Home movies of Adolf Hitler with the Wagner family in the summer of 1936 have been rediscovered at Bayreuth.

The films were shot by the previous Bayreuth director Wolfgang Wagner as a 16 year-old boy and show the Nazi leader in a series of informal settings with the Wagner family.

According to local press reports the Agfa film, which was stored in rusting cans in a Festspielhaus cellar, is presently being digitised and will eventually be made available for ‘authorised research’.

Archivists say the unguarded close-ups are especially revealing, not just of Hitler but of various Bayreuth artists. There is no sound on film.

Wolfgang Wagner with Wieland Wagner and Adolf Hitler
Hitler in posed portrait with Wieland (l.) and Wolfgang (r.) Wagner

 

Comments

  • David Osborne says:

    Were they lost? I’m pretty sure Wolfgang’s son Gottfried writes about these in his book.

    • Theodore McGuiver says:

      Aren’t they the rolls Gottfried found in a motorcar sidecar in the garage? There’s something about it in his book.

    • John Borstlap says:

      The archives at Bayreuth have as yet not been examined entirely, because of apparently sensitive material being buried there; eager musicologists, historians, Slipped Disc, and the international scandal press have to be very patient.

      It is, in itself, a very odd thing that the heritage of a composer which in this case includes a theatre, is run by his offspring, as if they would be the best possible executives. The same problem as with monarchy and as crazy.

      • DESR says:

        Oh stop being so insufferably Americano-pomposo!

        You with your Bush and Clinton dynasties have no high ground on monarchical or oligarchic power.

        Bayreuth is basically still a family business, and the Wagners are the closest the Germans have to royalty, at least in its modern celebrity sense. They are just quite clever in that they have got the lander and federal govts to pony up.

        Part of this gradual perestroika is therefore familial politesse and nil nisi bonum… Patience, as you say!

        • Jaybuyer says:

          “I’d like that translated, if I may.” (Harold Macmillan)

        • Peter says:

          Germans DO have royalty. They are called Windsor and are the sovereigns of Britannia. They had to change their name of ‘von Sachen-Coburg und Gotha’ to Windsor due to anti German sentiments during WWI

          • Jaybuyer says:

            And they even call the Queen ‘die Queen’ (all other bicycling European royalty ‘Königin’).
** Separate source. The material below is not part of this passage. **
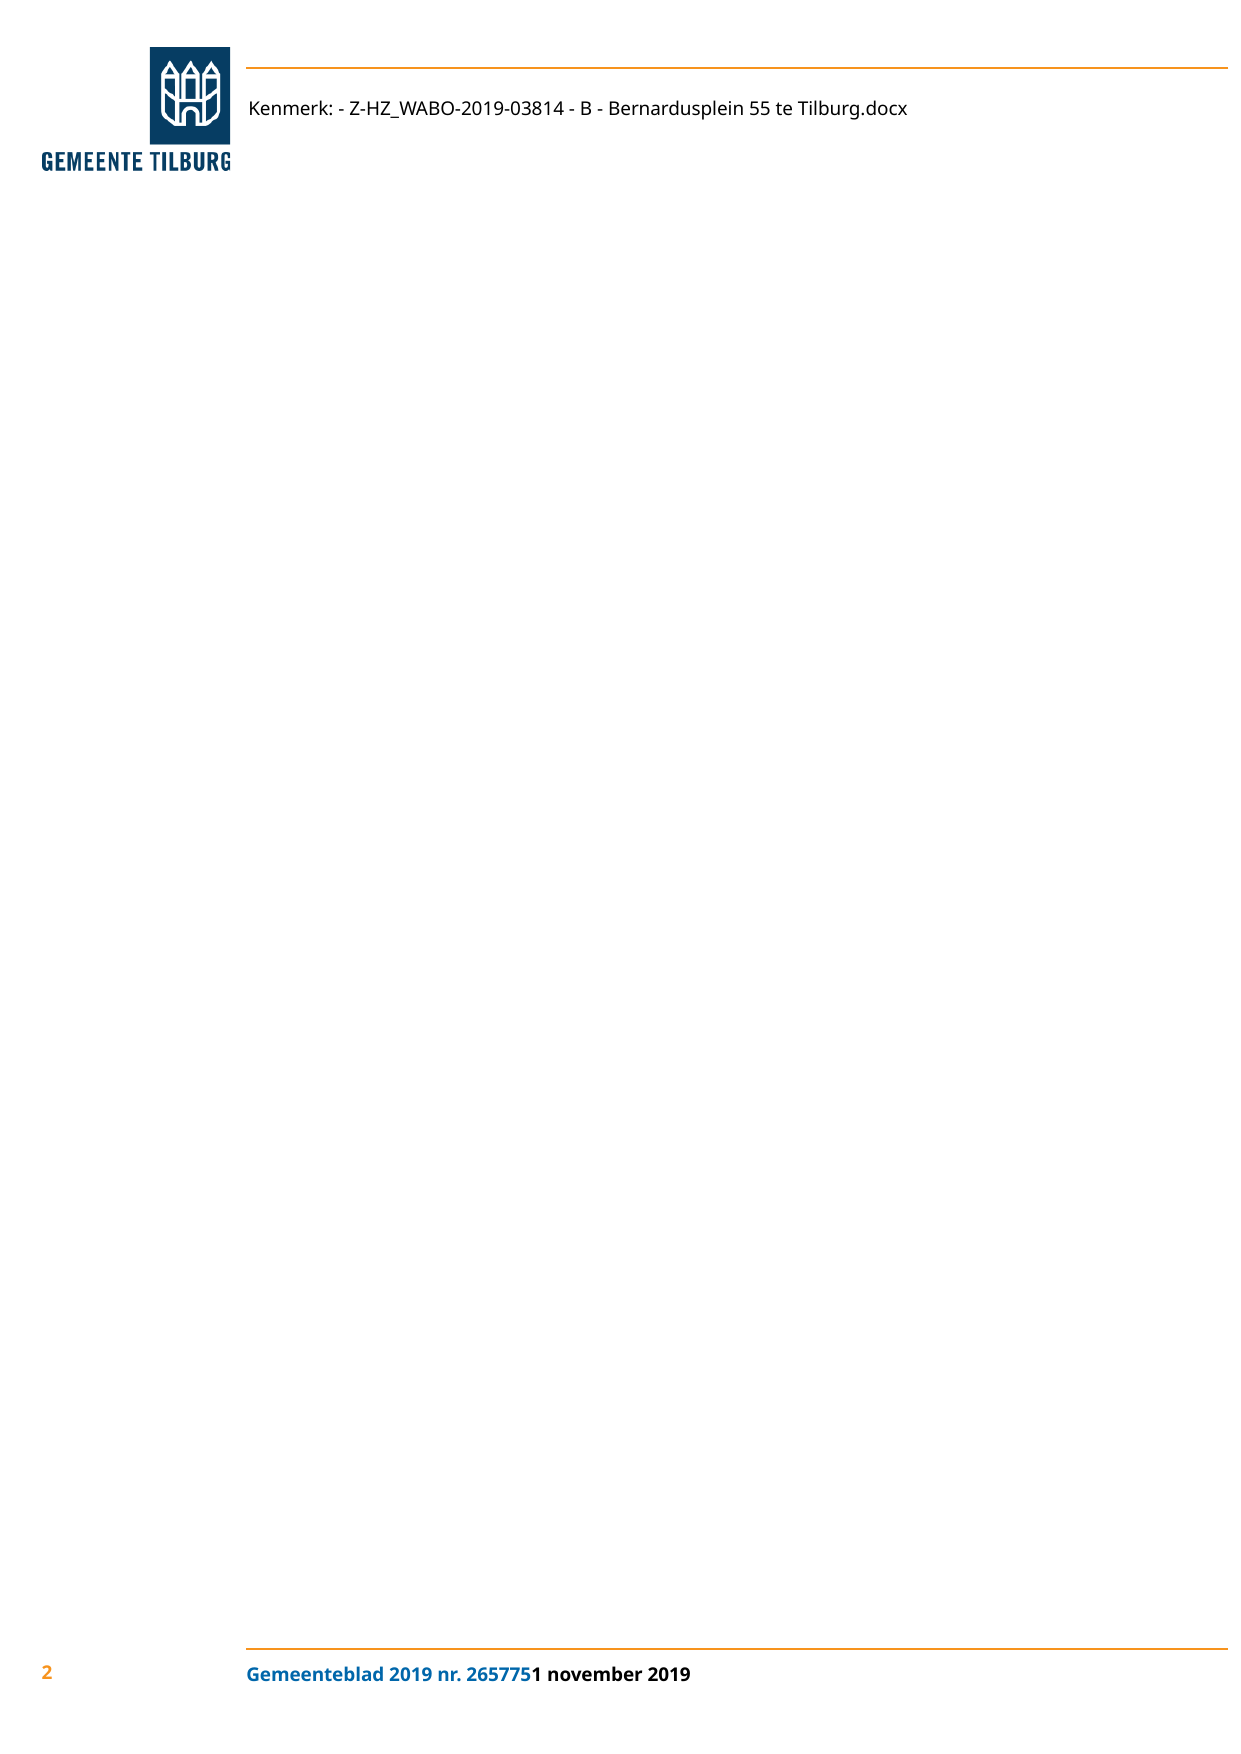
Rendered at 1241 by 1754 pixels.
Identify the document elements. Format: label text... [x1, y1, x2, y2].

        • John Borstlap says:

          Wagner had envisaged his work and his theatre as a ‘gift to the nation’, but ‘the nation’ (the recently united German empire, in 1870), was not interested. Before the unification, the King of Bavaria wanted to accept the gift for Bavaria (which was then an independent country) and had a very big theatre designed for Munich. But the general opposition was so great, that Wagner abandoned the ‘gift’ idea and made it an entirely private enterprise in opposition to ‘the surrounding culture’, a place of musical pelgrimage for Wagnerians. The building of the theatre and the first festival was continuously burdened by money shortage and cash flow crises. So, it became a family business as a ‘plan B’, because W’s work was not as generally established as it is today. But in postwar Germany, Bayreuth could have become a national theatre, like other theatres. And today, were any opera house that wants to fill the hall only has to programme Wagner, there is no reason at all to have this theatre run by the family. And the reference to ‘royalty’ is ridiculous and embarrassing.
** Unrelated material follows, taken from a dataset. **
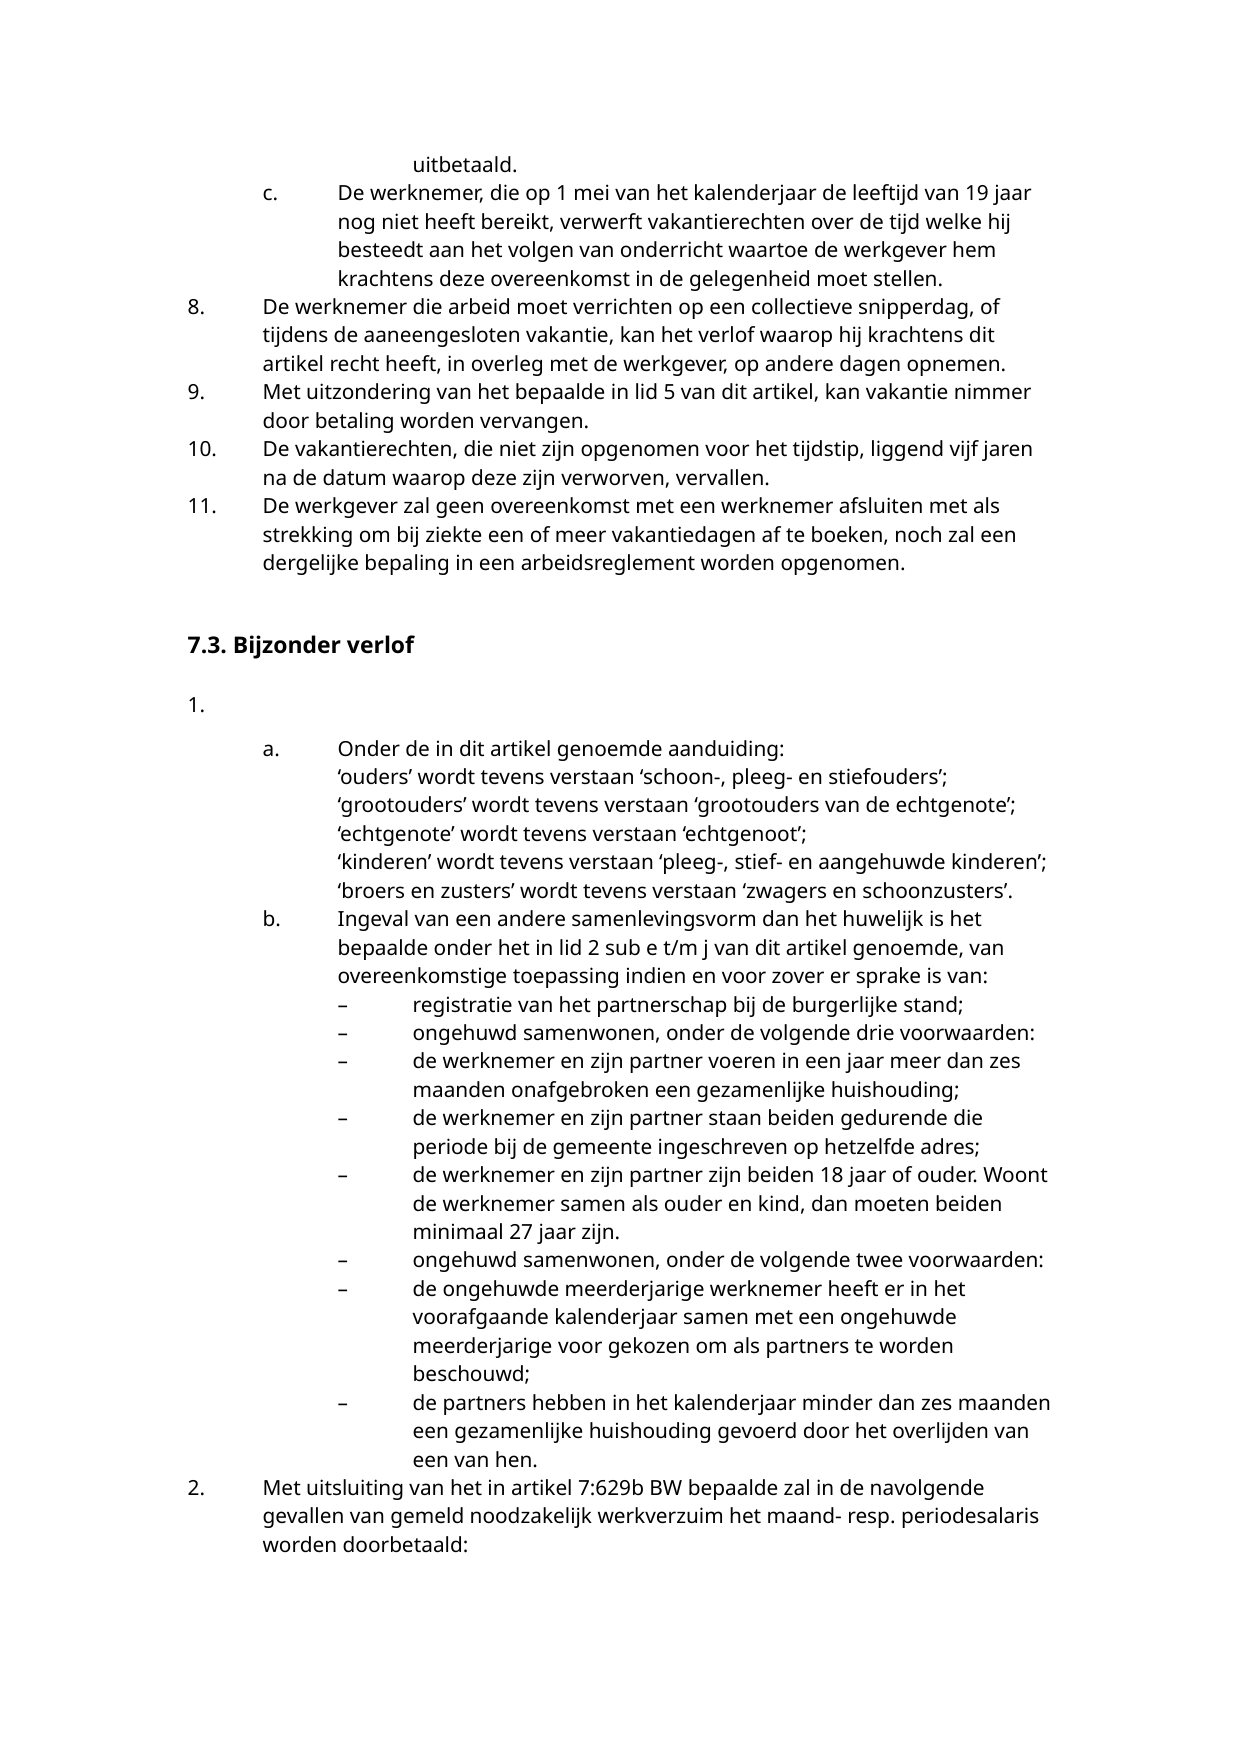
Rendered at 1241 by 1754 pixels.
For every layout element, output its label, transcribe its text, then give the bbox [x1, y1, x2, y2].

          (And I have never set a foot in America – just for the record.)

  • Mick says:

    A bunch of nazis. I wonder what their take on muslim immigration is

    • John Borstlap says:

      You really have to try to find your encyclopedia again.

    • Dirk Fischer says:

      I just spent a few days in Bayreuth and walked up the hill to have a look at the marvellous Festspielhaus. I was surprised to find a very honest and candid exhibition about the family’s history of anti-jewish sentiments in the surrounding parks, alongside an homage to many of the jewish (or supposedly so) artists who performed at the Festspiele and suffered a tragic fate. I was not aware of the fact that the Wagner’s seemingly deal with their history in such a remarkably responsible way.